In this way, Christianity isn’t just about what we get. In part, it’s about who we’re becoming. Our faith helps us reflect our namesake as we become more and more like Christ. We love out of his love, we serve out of his heart of service, and we live out of his power. Our heart reflex develops to bring greater glory to God by allowing our good deeds to shine before others (Matthew 5). We become people who know how to love and serve in Jesus’ name. Every time someone allows Jesus to be the leader of their lives, it is good news for the world, because someone has joined the Kingdom of God and has also begun to love their neighbors as themselves.
From Individual to Community
We’re all interconnected, so if we preach a gospel that isn’t only directed to the motivations of individuals but also to the life of our families, our communities, and our country, our message has world impact. Yes, it starts with one soul at a time. But it also goes far beyond that as God redeems individuals, relationships, and systems into “new heavens and a new earth” (Isaiah 65:17).
From Afterlife to Mission-life
Our faith is about more than where we go when we die. Let me be very clear: the afterlife is very important. Our eternal destinations have a vital impact on the way we view the power of death and the importance of life. But our faith isn’t just about having a ticket into paradise; every Christian has also been invited to a life of mission. It’s about the Kingdom of God here and now and how the community of faith is participating in the work of God to bless the world.

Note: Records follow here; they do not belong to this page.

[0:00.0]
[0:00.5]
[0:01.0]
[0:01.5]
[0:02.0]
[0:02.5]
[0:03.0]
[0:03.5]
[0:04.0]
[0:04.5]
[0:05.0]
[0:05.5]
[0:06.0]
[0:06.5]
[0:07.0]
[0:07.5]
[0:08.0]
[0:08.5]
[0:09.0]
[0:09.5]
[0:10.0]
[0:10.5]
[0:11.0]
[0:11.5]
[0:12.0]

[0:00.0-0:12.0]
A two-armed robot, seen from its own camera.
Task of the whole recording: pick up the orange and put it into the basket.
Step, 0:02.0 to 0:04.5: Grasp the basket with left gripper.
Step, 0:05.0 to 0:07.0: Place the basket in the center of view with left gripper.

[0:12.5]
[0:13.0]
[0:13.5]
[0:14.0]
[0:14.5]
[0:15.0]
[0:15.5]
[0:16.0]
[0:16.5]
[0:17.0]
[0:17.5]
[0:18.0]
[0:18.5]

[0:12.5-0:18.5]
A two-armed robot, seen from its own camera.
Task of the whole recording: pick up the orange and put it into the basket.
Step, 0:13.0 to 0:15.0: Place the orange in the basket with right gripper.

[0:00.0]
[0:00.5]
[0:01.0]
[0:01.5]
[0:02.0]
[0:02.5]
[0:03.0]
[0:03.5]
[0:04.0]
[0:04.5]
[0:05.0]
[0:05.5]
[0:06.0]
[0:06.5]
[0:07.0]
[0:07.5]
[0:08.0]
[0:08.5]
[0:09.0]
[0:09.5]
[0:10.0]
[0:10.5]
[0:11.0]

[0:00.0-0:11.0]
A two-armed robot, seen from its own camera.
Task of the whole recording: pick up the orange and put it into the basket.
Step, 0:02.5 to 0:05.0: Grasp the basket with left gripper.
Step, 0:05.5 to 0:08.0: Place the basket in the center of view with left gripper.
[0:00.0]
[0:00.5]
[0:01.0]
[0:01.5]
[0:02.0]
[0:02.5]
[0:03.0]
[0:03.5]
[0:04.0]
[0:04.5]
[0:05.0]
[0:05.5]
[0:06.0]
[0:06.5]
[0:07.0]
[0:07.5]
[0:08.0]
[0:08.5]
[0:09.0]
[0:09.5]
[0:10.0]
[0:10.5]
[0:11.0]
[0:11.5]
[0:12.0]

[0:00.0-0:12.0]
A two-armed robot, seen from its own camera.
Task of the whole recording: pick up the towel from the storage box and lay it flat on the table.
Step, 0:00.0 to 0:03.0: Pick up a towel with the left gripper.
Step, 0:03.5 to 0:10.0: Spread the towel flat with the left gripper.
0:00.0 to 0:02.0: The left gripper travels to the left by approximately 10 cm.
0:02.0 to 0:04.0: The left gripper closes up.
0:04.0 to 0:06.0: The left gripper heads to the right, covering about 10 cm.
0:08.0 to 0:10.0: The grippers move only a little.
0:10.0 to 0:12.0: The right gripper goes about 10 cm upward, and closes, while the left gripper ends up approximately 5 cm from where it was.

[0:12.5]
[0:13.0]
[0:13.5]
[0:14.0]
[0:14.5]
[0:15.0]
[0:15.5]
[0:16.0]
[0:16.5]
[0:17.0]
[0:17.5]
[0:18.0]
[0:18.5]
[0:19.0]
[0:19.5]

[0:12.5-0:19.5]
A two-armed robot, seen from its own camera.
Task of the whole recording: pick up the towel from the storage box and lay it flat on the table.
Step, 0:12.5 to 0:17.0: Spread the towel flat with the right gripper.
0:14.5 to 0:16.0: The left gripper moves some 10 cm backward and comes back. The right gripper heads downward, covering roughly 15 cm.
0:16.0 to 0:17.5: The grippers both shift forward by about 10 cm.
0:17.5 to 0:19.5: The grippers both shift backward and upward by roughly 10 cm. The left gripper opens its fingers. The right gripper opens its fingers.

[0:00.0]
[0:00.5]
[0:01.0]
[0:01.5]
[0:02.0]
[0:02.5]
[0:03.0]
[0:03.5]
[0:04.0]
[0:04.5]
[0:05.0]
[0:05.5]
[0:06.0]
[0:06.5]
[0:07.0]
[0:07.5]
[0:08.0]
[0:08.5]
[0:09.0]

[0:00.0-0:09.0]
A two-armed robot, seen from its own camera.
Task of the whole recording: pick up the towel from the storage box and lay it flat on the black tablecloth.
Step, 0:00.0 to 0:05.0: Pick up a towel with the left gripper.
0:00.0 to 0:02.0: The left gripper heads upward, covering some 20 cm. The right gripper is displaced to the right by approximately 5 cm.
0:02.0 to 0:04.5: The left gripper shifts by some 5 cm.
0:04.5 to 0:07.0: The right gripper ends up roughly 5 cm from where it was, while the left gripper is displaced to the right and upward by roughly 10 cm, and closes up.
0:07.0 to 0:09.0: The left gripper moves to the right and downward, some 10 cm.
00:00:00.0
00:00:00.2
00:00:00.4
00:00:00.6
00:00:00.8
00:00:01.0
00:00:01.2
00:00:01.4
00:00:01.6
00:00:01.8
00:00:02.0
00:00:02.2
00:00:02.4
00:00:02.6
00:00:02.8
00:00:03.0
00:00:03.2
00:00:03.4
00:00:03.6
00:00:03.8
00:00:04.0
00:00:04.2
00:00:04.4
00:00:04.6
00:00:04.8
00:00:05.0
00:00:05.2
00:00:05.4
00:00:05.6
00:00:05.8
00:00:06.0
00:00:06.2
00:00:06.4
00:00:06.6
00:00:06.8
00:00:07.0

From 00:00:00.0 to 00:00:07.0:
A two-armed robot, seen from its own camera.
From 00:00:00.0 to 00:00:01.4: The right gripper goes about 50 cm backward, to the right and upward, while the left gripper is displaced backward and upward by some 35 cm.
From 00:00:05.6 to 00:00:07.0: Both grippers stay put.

When Jesus first invited his disciples in Matthew 4:19, he said, “Come, follow me, and I will make you…” And though many of us know exactly what Jesus said, let’s think for a moment what he could’ve said. He might’ve said, “I will make you happier than you’ve ever been,” or “I will make you feel satisfied with life,” or perhaps even more crassly, “I will make you richer and healthier than you’ve ever known.” But he doesn’t say any of these things in this moment. Jesus does say, “Come, follow me, and I will make you fishers of people.”
From the outset, he invites us into a life of mission. And yes, this life of mission does come with the side-benefits of joy and satisfaction (though not necessarily the riches), but they’re not the main point. God puts us to work for his Kingdom to captivate people with its wonderful message and outworking in the world. As ambassadors for this Kingdom, we love the poor, heal the sick, give sight to the blind, release the captives, and love God and our neighbors with all of our hearts, minds, souls, and strength. In a world created for good but damaged by evil, Jesus restores all people and things for the better. And now, as a part of their mission, Christians are being sent together to heal that world in his name.
News broadcasts remind us that we live in tough times; the world is ready for some good news. By recapturing Jesus’ gospel, we begin to share good news in a new way with a world that desperately needs it. Indeed, Jesus’ message is the only one that will help us turn from our small visions of faith into a life exhilarated with transformation, community, and mission.